Thursday, November 17, 2011

The Inequality Within the Top 1%

This article tells us how the share of income going to the top 1% is accomplished. It is due to a marriage between Wall Street and Corporate America. The top executives in corporate America receive most of their compensation in stock options. (This shift in compensation happened in the 1980's.) The value of the stock options grows by pleasing Wall Street. Pleasing Wall Street is very simple. They want to see revenue and profit growth. Corporations can do that by cutting costs and by purchasing other companies. Wall Street especially likes it when they can arrange the sale of one company to another. Wall Street also has an influence on CEO selection that is not well understood. Corporate boards, which also benefit from stock appreciation, hope that their selection of a new CEO will please Wall Street and boost the stock price.

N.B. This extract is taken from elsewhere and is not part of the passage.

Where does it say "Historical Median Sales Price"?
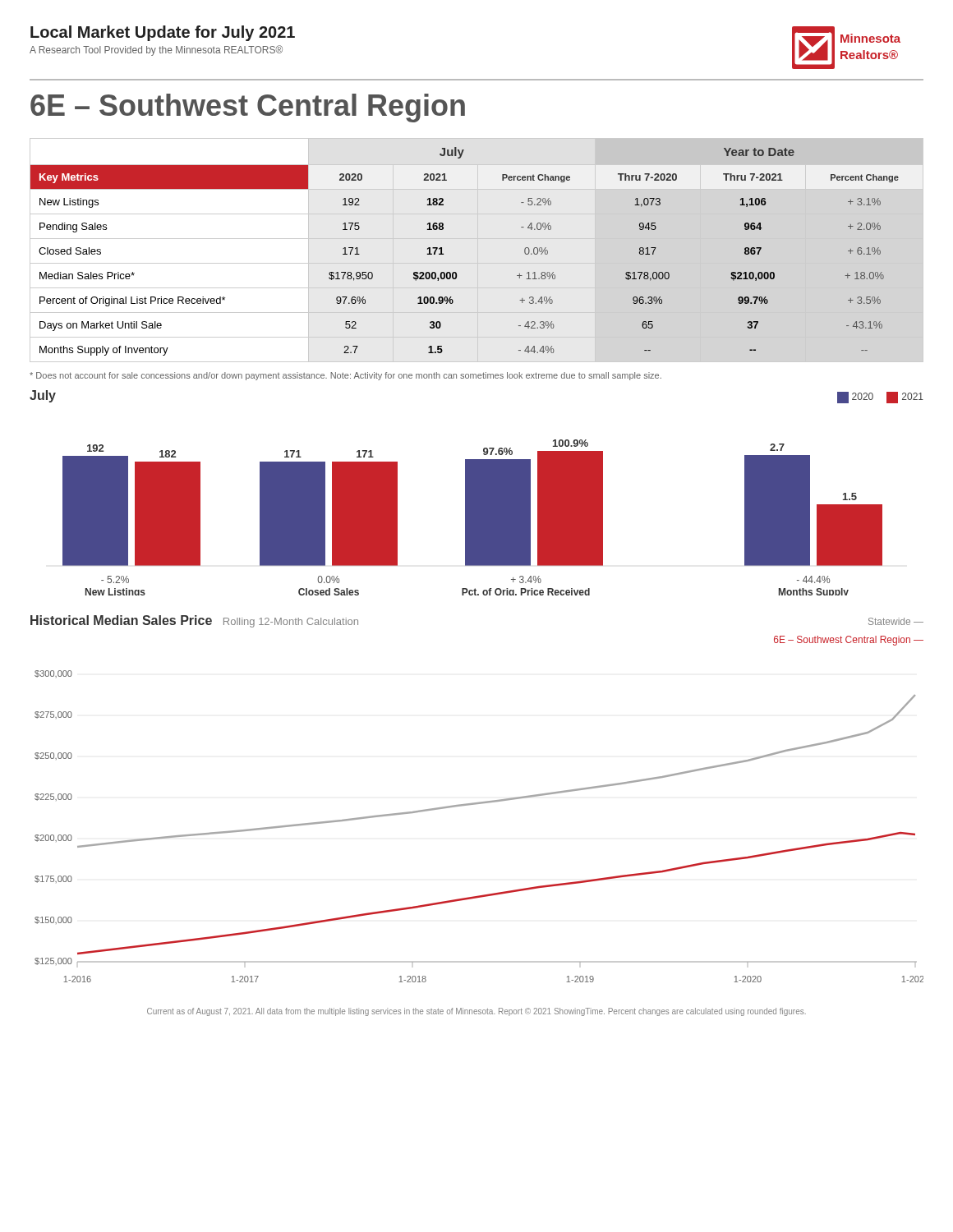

This article also points out that the income gap between those in lower regions of the top 1% and those at the very top is by far the widest inequality gap in America. Those at the top of the pile have also benefited from changes in tax policy. Taxes on gains from capital gains and dividends have been cut in addition to a reduction in the top marginal tax rate. Those at the bottom of the top 1% are in the same tax bracket as those at the top, and the tax rate for the top 1% is not much higher than it is for the middle class. That is why Warren Buffet complained that his secretary had a higher tax rate than he did. Most of his income comes from capital gains and dividends.

If we wanted to reduce income inequality in the US, the easiest way to do it would be to eliminate the use of stock options in executive compensation and to tax capital gains and dividends at the same rate as earned income. In other words, we need to eliminate the changes in policies that began in the Reagan era.